------ Records provided ------

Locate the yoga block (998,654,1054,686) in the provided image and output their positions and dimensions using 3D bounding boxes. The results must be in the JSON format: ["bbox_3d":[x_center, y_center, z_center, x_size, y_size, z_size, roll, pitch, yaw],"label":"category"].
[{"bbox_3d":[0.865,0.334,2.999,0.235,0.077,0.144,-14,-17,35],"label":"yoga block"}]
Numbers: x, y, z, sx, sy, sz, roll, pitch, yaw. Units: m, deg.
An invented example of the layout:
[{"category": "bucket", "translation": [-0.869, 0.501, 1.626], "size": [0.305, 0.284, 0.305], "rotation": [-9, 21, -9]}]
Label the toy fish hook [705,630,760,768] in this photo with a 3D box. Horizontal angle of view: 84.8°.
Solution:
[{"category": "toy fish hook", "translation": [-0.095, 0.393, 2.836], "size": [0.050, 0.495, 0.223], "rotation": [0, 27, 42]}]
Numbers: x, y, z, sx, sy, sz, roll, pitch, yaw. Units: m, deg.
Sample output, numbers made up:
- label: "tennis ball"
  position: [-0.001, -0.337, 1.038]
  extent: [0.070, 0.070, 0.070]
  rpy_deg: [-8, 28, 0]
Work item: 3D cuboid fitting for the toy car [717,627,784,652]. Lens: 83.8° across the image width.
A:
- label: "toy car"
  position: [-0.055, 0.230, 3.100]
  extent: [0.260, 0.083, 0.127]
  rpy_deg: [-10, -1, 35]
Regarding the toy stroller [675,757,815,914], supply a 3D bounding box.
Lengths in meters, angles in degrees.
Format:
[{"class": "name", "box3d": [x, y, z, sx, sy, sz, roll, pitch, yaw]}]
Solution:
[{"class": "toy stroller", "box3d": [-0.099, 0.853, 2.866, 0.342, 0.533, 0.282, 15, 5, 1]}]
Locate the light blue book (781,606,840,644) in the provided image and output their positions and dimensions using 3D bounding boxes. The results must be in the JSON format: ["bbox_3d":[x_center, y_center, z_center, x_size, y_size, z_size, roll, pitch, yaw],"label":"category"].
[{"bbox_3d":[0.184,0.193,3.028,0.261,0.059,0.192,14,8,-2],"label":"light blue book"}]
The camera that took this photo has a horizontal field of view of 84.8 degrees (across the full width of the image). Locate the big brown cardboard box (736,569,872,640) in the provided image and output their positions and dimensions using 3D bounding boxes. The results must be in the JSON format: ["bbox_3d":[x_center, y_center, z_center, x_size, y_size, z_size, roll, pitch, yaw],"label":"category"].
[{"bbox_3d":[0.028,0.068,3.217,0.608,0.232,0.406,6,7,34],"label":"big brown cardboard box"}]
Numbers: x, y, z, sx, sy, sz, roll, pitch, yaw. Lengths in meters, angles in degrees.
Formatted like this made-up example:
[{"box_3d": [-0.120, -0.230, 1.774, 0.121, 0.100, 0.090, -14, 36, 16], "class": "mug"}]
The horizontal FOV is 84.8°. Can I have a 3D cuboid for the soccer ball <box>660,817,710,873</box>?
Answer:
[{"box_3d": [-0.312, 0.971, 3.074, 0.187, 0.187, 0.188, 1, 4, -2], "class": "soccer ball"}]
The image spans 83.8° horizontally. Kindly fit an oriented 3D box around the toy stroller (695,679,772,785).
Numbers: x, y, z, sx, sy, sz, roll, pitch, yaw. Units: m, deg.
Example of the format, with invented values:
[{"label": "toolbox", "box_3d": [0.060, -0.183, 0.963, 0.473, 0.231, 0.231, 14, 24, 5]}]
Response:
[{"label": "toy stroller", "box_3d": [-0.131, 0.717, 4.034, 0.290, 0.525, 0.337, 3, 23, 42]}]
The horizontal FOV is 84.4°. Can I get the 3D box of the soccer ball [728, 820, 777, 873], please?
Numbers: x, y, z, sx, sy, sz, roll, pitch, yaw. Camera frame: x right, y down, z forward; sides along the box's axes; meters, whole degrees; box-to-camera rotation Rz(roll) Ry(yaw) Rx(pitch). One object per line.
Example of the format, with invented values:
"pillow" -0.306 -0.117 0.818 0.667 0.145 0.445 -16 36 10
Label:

------

» Prompt: In full and without error, repeat the material above.

» Result:
Locate the yoga block (998,654,1054,686) in the provided image and output their positions and dimensions using 3D bounding boxes. The results must be in the JSON format: ["bbox_3d":[x_center, y_center, z_center, x_size, y_size, z_size, roll, pitch, yaw],"label":"category"].
[{"bbox_3d":[0.865,0.334,2.999,0.235,0.077,0.144,-14,-17,35],"label":"yoga block"}]
Numbers: x, y, z, sx, sy, sz, roll, pitch, yaw. Units: m, deg.
An invented example of the layout:
[{"category": "bucket", "translation": [-0.869, 0.501, 1.626], "size": [0.305, 0.284, 0.305], "rotation": [-9, 21, -9]}]
Label the toy fish hook [705,630,760,768] in this photo with a 3D box. Horizontal angle of view: 84.8°.
Solution:
[{"category": "toy fish hook", "translation": [-0.095, 0.393, 2.836], "size": [0.050, 0.495, 0.223], "rotation": [0, 27, 42]}]
Numbers: x, y, z, sx, sy, sz, roll, pitch, yaw. Units: m, deg.
Sample output, numbers made up:
- label: "tennis ball"
  position: [-0.001, -0.337, 1.038]
  extent: [0.070, 0.070, 0.070]
  rpy_deg: [-8, 28, 0]
Work item: 3D cuboid fitting for the toy car [717,627,784,652]. Lens: 83.8° across the image width.
A:
- label: "toy car"
  position: [-0.055, 0.230, 3.100]
  extent: [0.260, 0.083, 0.127]
  rpy_deg: [-10, -1, 35]
Regarding the toy stroller [675,757,815,914], supply a 3D bounding box.
Lengths in meters, angles in degrees.
Format:
[{"class": "name", "box3d": [x, y, z, sx, sy, sz, roll, pitch, yaw]}]
Solution:
[{"class": "toy stroller", "box3d": [-0.099, 0.853, 2.866, 0.342, 0.533, 0.282, 15, 5, 1]}]
Locate the light blue book (781,606,840,644) in the provided image and output their positions and dimensions using 3D bounding boxes. The results must be in the JSON format: ["bbox_3d":[x_center, y_center, z_center, x_size, y_size, z_size, roll, pitch, yaw],"label":"category"].
[{"bbox_3d":[0.184,0.193,3.028,0.261,0.059,0.192,14,8,-2],"label":"light blue book"}]
The camera that took this photo has a horizontal field of view of 84.8 degrees (across the full width of the image). Locate the big brown cardboard box (736,569,872,640) in the provided image and output their positions and dimensions using 3D bounding boxes. The results must be in the JSON format: ["bbox_3d":[x_center, y_center, z_center, x_size, y_size, z_size, roll, pitch, yaw],"label":"category"].
[{"bbox_3d":[0.028,0.068,3.217,0.608,0.232,0.406,6,7,34],"label":"big brown cardboard box"}]
Numbers: x, y, z, sx, sy, sz, roll, pitch, yaw. Lengths in meters, angles in degrees.
Formatted like this made-up example:
[{"box_3d": [-0.120, -0.230, 1.774, 0.121, 0.100, 0.090, -14, 36, 16], "class": "mug"}]
The horizontal FOV is 84.8°. Can I have a 3D cuboid for the soccer ball <box>660,817,710,873</box>?
Answer:
[{"box_3d": [-0.312, 0.971, 3.074, 0.187, 0.187, 0.188, 1, 4, -2], "class": "soccer ball"}]
The image spans 83.8° horizontally. Kindly fit an oriented 3D box around the toy stroller (695,679,772,785).
Numbers: x, y, z, sx, sy, sz, roll, pitch, yaw. Units: m, deg.
Example of the format, with invented values:
[{"label": "toolbox", "box_3d": [0.060, -0.183, 0.963, 0.473, 0.231, 0.231, 14, 24, 5]}]
Response:
[{"label": "toy stroller", "box_3d": [-0.131, 0.717, 4.034, 0.290, 0.525, 0.337, 3, 23, 42]}]
The horizontal FOV is 84.4°. Can I get the 3D box of the soccer ball [728, 820, 777, 873], please?
Numbers: x, y, z, sx, sy, sz, roll, pitch, yaw. Camera frame: x right, y down, z forward; sides along the box's axes; meters, whole degrees; box-to-camera rotation Rz(roll) Ry(yaw) Rx(pitch). One object per line.
Example of the format, with invented values:
"pillow" -0.306 -0.117 0.818 0.667 0.145 0.445 -16 36 10
Label:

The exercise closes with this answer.